Yena menatapnya, tak terpengaruh dengan guyonannya. “Farel, ini bukan sinetron. Ini hidup kita. Kalau lo bilang nggak siap, kita bisa jalanin pelan-pelan. Gak perlu buru-buru, yang penting kita coba.”
Farel menatap Yena sekilas. “Ya iya sih, ya. Tapi coba deh bayangin, Yen. Gimana rasanya nikah sama orang yang... nggak jelas kayak gue? Ini bukan hal yang kita pilih, kan?”
Yena diam sejenak, lalu mengangguk. “Tapi kita bisa coba, kan? Gak ada yang bilang ini bakal gampang. Gue juga gak minta jadi istri yang sempurna buat lo. Yang penting kita jalanin aja.”
Mendengar itu, Farel merasa sedikit lega. Yena berbicara dengan begitu tenang, seakan-akan ia sudah menerima takdir ini jauh lebih dulu. Sementara Farel? Farel malah merasa seperti baru ditarik ke dalam peran yang sama sekali dia nggak tahu skripnya.

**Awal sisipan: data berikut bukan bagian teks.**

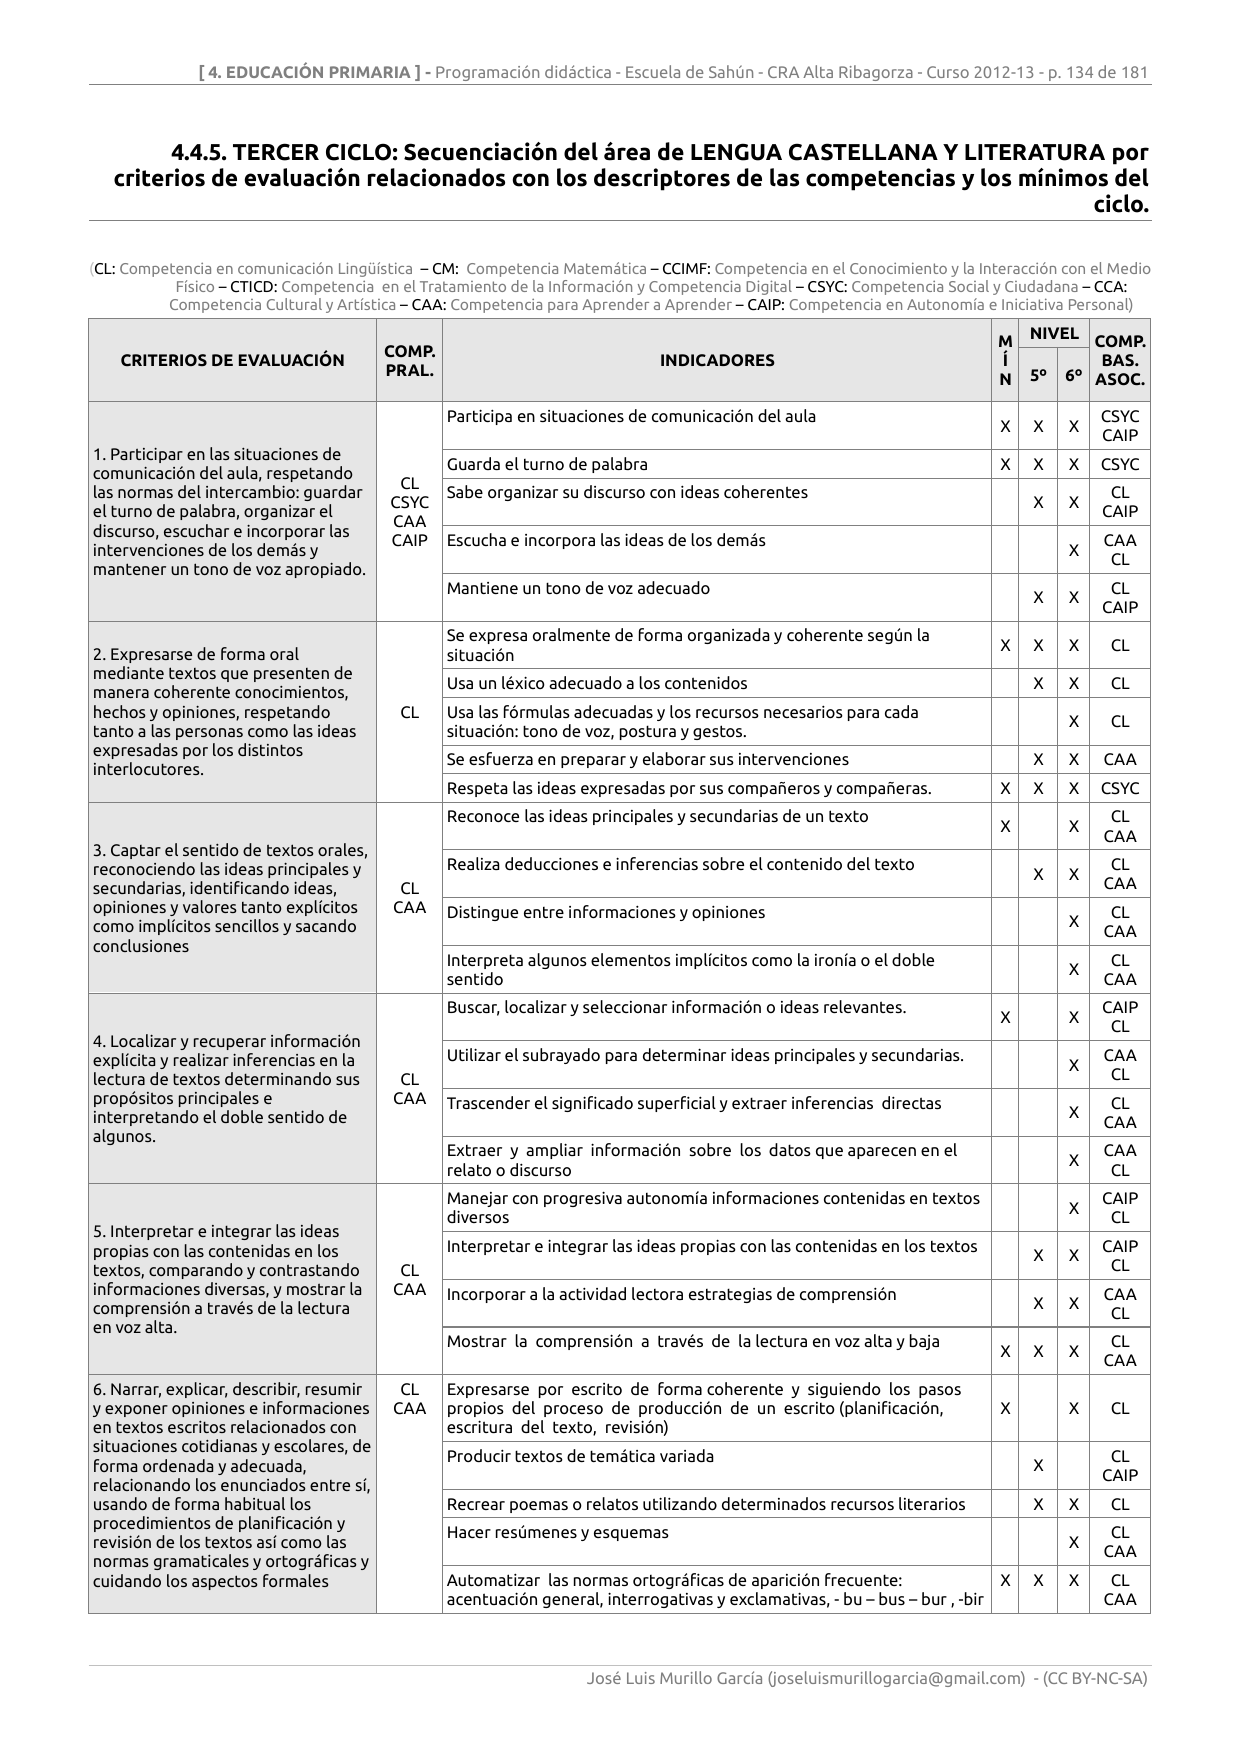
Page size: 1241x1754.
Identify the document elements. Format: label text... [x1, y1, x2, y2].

table_cell X [1058, 946, 1089, 992]
table_cell 6º [1058, 348, 1089, 401]
table_cell Mantiene un tono de voz adecuado [443, 574, 991, 621]
table_cell CL CAA [1090, 803, 1150, 849]
table_cell X [1058, 1137, 1089, 1183]
table_cell Escucha e incorpora las ideas de los demás [443, 526, 991, 573]
table_cell Interpreta algunos elementos implícitos como la ironía o el doble sentido [443, 946, 991, 992]
table_cell CL CAA [377, 1375, 442, 1613]
text (CL: Competencia en comunicación Lingüística – CM: Competencia Matemática – CCIMF: Competencia en el Conocimiento y la Interacción con el Medio Físico – CTICD: Competencia en el Tratamiento de la Información y Competencia Digital – CSYC: Competencia Social y Ciudadana – CCA: Competencia Cultural y Artística – CAA: Competencia para Aprender a Aprender – CAIP: Competencia en Autonomía e Iniciativa Personal) [88, 260, 1152, 313]
table_cell X [992, 1375, 1018, 1441]
table_cell X [1019, 1328, 1057, 1374]
table_cell [992, 526, 1018, 573]
table_cell X [1058, 1232, 1089, 1279]
table_cell CL CAA [1090, 898, 1150, 945]
table_cell [992, 898, 1018, 945]
table_cell 5º [1019, 348, 1057, 401]
table_cell Buscar, localizar y seleccionar información o ideas relevantes. [443, 994, 991, 1040]
table_cell 6. Narrar, explicar, describir, resumir y exponer opiniones e informaciones en textos escritos relacionados con situaciones cotidianas y escolares, de forma ordenada y adecuada, relacionando los enunciados entre sí, usando de forma habitual los procedimientos de planificación y revisión de los textos así como las normas gramaticales y ortográficas y cuidando los aspectos formales [89, 1375, 376, 1613]
table_cell [992, 850, 1018, 897]
table_cell CAIP CL [1090, 1232, 1150, 1279]
table_cell [992, 1442, 1018, 1489]
table_cell X [1058, 1089, 1089, 1136]
table_cell Interpretar e integrar las ideas propias con las contenidas en los textos [443, 1232, 991, 1279]
table_cell CL [1090, 622, 1150, 668]
table_cell [992, 669, 1018, 697]
table_cell X [1058, 1280, 1089, 1326]
table_cell CL [1090, 1490, 1150, 1517]
table_cell [992, 1041, 1018, 1088]
table_cell Utilizar el subrayado para determinar ideas principales y secundarias. [443, 1041, 991, 1088]
table_cell [1019, 698, 1057, 744]
table_cell X [1019, 774, 1057, 802]
table_cell X [1019, 450, 1057, 477]
table_cell [992, 1232, 1018, 1279]
table_cell [1019, 1089, 1057, 1136]
table_cell [992, 1184, 1018, 1231]
table_cell CL CAA [377, 994, 442, 1183]
table_cell Automatizar las normas ortográficas de aparición frecuente: acentuación general, interrogativas y exclamativas, - bu – bus – bur , -bir [443, 1566, 991, 1613]
table_cell X [1058, 1184, 1089, 1231]
subtitle 4.4.5. TERCER CICLO: Secuenciación del área de LENGUA CASTELLANA Y LITERATURA por criterios de evaluación relacionados con los descriptores de las competencias y los mínimos del ciclo. [88, 135, 1152, 220]
table_cell CL CAA [1090, 946, 1150, 992]
table_cell X [1019, 1232, 1057, 1279]
table_cell Se esfuerza en preparar y elaborar sus intervenciones [443, 746, 991, 773]
table_cell X [992, 1566, 1018, 1613]
table_cell X [1058, 1375, 1089, 1441]
table_cell X [1058, 1041, 1089, 1088]
table_cell Recrear poemas o relatos utilizando determinados recursos literarios [443, 1490, 991, 1517]
table_cell X [1019, 1490, 1057, 1517]
table_cell [992, 1490, 1018, 1517]
table_cell X [992, 994, 1018, 1040]
table_cell CL CAA [1090, 850, 1150, 897]
table_cell Hacer resúmenes y esquemas [443, 1518, 991, 1565]
table_cell CSYC [1090, 450, 1150, 477]
table_cell X [1019, 746, 1057, 773]
table_cell [1019, 994, 1057, 1040]
table_cell Realiza deducciones e inferencias sobre el contenido del texto [443, 850, 991, 897]
table_cell Respeta las ideas expresadas por sus compañeros y compañeras. [443, 774, 991, 802]
table_cell Producir textos de temática variada [443, 1442, 991, 1489]
table_cell X [1019, 850, 1057, 897]
table_cell CSYC [1090, 774, 1150, 802]
table_cell X [1058, 746, 1089, 773]
table_cell CAA CL [1090, 1280, 1150, 1326]
table_cell Extraer y ampliar información sobre los datos que aparecen en el relato o discurso [443, 1137, 991, 1183]
table_cell X [1058, 402, 1089, 449]
table_cell [992, 574, 1018, 621]
table_header M Í N [992, 319, 1018, 401]
table_cell X [1058, 994, 1089, 1040]
table_cell CAA CL [1090, 1041, 1150, 1088]
table_cell 2. Expresarse de forma oral mediante textos que presenten de manera coherente conocimientos, hechos y opiniones, respetando tanto a las personas como las ideas expresadas por los distintos interlocutores. [89, 622, 376, 802]
table_header INDICADORES [443, 319, 991, 401]
table_cell [1019, 1375, 1057, 1441]
table_header CRITERIOS DE EVALUACIÓN [89, 319, 376, 401]
table_cell CL [377, 622, 442, 802]
table_cell X [1019, 402, 1057, 449]
table_cell 3. Captar el sentido de textos orales, reconociendo las ideas principales y secundarias, identificando ideas, opiniones y valores tanto explícitos como implícitos sencillos y sacando conclusiones [89, 803, 376, 992]
table_cell X [1019, 622, 1057, 668]
table_cell CL CSYC CAA CAIP [377, 402, 442, 621]
table_cell Manejar con progresiva autonomía informaciones contenidas en textos diversos [443, 1184, 991, 1231]
table_cell X [1019, 1442, 1057, 1489]
table_cell CAA CL [1090, 1137, 1150, 1183]
table_cell [1019, 946, 1057, 992]
table_cell CL CAA [377, 803, 442, 992]
table_cell [992, 1137, 1018, 1183]
table_cell X [1058, 1490, 1089, 1517]
table_cell [992, 698, 1018, 744]
table_cell X [1058, 669, 1089, 697]
table_cell Trascender el significado superficial y extraer inferencias directas [443, 1089, 991, 1136]
table_cell X [1019, 574, 1057, 621]
table_cell X [1058, 450, 1089, 477]
table_cell [992, 1089, 1018, 1136]
table_cell X [1058, 774, 1089, 802]
table_cell Usa un léxico adecuado a los contenidos [443, 669, 991, 697]
table_cell X [1058, 1518, 1089, 1565]
table_cell CAA CL [1090, 526, 1150, 573]
table_cell X [992, 450, 1018, 477]
table_cell [1019, 1137, 1057, 1183]
table_cell [992, 1518, 1018, 1565]
table_cell CL CAA [1090, 1089, 1150, 1136]
table_cell X [1019, 479, 1057, 525]
table_cell X [992, 402, 1018, 449]
table_cell Participa en situaciones de comunicación del aula [443, 402, 991, 449]
table_cell CL [1090, 1375, 1150, 1441]
table_cell CSYC CAIP [1090, 402, 1150, 449]
table_cell Incorporar a la actividad lectora estrategias de comprensión [443, 1280, 991, 1326]
table_cell X [1058, 1566, 1089, 1613]
table_cell X [1058, 479, 1089, 525]
table_cell X [1019, 669, 1057, 697]
table_cell Mostrar la comprensión a través de la lectura en voz alta y baja [443, 1328, 991, 1374]
table_cell X [1058, 574, 1089, 621]
table_cell [1019, 1184, 1057, 1231]
table_cell [1019, 1518, 1057, 1565]
table_cell CAIP CL [1090, 994, 1150, 1040]
table_cell CL CAA [377, 1184, 442, 1374]
table_cell X [1019, 1566, 1057, 1613]
table_cell [1019, 526, 1057, 573]
table_cell 4. Localizar y recuperar información explícita y realizar inferencias en la lectura de textos determinando sus propósitos principales e interpretando el doble sentido de algunos. [89, 994, 376, 1183]
table_cell 5. Interpretar e integrar las ideas propias con las contenidas en los textos, comparando y contrastando informaciones diversas, y mostrar la comprensión a través de la lectura en voz alta. [89, 1184, 376, 1374]
table_cell Se expresa oralmente de forma organizada y coherente según la situación [443, 622, 991, 668]
table_cell X [1058, 698, 1089, 744]
table_cell X [992, 803, 1018, 849]
table_header COMP. BAS. ASOC. [1090, 319, 1150, 401]
table_cell CL CAA [1090, 1328, 1150, 1374]
table_cell [1019, 1041, 1057, 1088]
table_cell [992, 946, 1018, 992]
table_cell [1019, 898, 1057, 945]
table_cell Sabe organizar su discurso con ideas coherentes [443, 479, 991, 525]
table_cell X [1058, 526, 1089, 573]
table_cell [992, 746, 1018, 773]
table_cell Distingue entre informaciones y opiniones [443, 898, 991, 945]
table_cell Guarda el turno de palabra [443, 450, 991, 477]
table_cell CL CAIP [1090, 574, 1150, 621]
table_cell CAA [1090, 746, 1150, 773]
table_cell X [992, 1328, 1018, 1374]
table_cell X [1058, 898, 1089, 945]
table_cell X [1058, 803, 1089, 849]
table_cell Reconoce las ideas principales y secundarias de un texto [443, 803, 991, 849]
table_header COMP. PRAL. [377, 319, 442, 401]
table_header NIVEL [1019, 319, 1089, 347]
table_cell CL CAA [1090, 1518, 1150, 1565]
table_cell [1019, 803, 1057, 849]
table_cell CL [1090, 669, 1150, 697]
table_cell X [1058, 622, 1089, 668]
table_cell CL CAA [1090, 1566, 1150, 1613]
table_cell X [1058, 1328, 1089, 1374]
table_cell [992, 479, 1018, 525]
table_cell 1. Participar en las situaciones de comunicación del aula, respetando las normas del intercambio: guardar el turno de palabra, organizar el discurso, escuchar e incorporar las intervenciones de los demás y mantener un tono de voz apropiado. [89, 402, 376, 621]
table_cell CL [1090, 698, 1150, 744]
table_cell X [992, 622, 1018, 668]
table_cell X [1019, 1280, 1057, 1326]
table_cell CL CAIP [1090, 1442, 1150, 1489]
table_cell [992, 1280, 1018, 1326]
table_cell X [1058, 850, 1089, 897]
table_cell Usa las fórmulas adecuadas y los recursos necesarios para cada situación: tono de voz, postura y gestos. [443, 698, 991, 744]
table_cell Expresarse por escrito de forma coherente y siguiendo los pasos propios del proceso de producción de un escrito (planificación, escritura del texto, revisión) [443, 1375, 991, 1441]
table_cell CAIP CL [1090, 1184, 1150, 1231]
table_cell [1058, 1442, 1089, 1489]
table_cell CL CAIP [1090, 479, 1150, 525]
table_cell X [992, 774, 1018, 802]

"Ya udah deh," ucapnya, menyerah pada keadaan.
Setelah beberapa saat, mereka akhirnya kembali dan duduk di tempatnya. Penghulu mulai membuka kitab, dan Farel bisa merasakan ketegangan di udara. Semua mata tertuju padanya, menunggu dia untuk mengucapkan ijab kabul, kata-kata yang akan mengikatnya seumur hidup pada seorang gadis yang, jujur saja, masih terasa seperti orang asing.
“Sa... saya Farel Aldebaran, menerima nikah dengan Yena Syakila Binti Husen Gunawan... ,” katanya terbata-bata.
Dengan kata itu, rasanya dunia seperti berhenti sejenak. Farel merasa ada berat yang menggelayuti dadanya, seolah-olah pernyataan itu bukan sekadar kata-kata, tapi sebuah keputusan besar yang akan mengubah seluruh hidupnya.
Yena hanya mengangguk, bibirnya tersenyum tipis, namun tidak ada kegembiraan berlebihan.
"Alhamdulillah," kata penghulu, memimpin doa yang akan mengakhiri proses sakral ini.
Farel masih terdiam, tidak bisa menghilangkan perasaan seperti baru saja melangkah ke dunia yang sama sekali berbeda. Yena meraih tangannya dengan lembut, dan walau Farel merasa seluruh tubuhnya beku, dia berusaha menenangkan diri.
“Gue... bisa nggak sih, lari dari sini?” Farel berbisik pada dirinya sendiri.
Tapi Yena, dengan senyum yang tak bisa dia bohongi, menatapnya. "Gak usah lari, Farel. Ini bukan tentang melarikan diri. Ini tentang jadi dewasa, jadi seseorang yang bisa dipercaya."
Farel menelan ludah. "Dewasa... Dewasa? Ini gue kayak... lagi main tebak-tebakan hidup." balas Farel dengan suara berbisik.
Yena hanya tersenyum, dan mencium punggung tangan Farel, yang membuatnya sontak kaget dan hampir menarik tangannya kembali, tapi Yena mencoba menahan dan mecium pelan punggung tangan pria kocak yang sudah menjadi suaminya itu.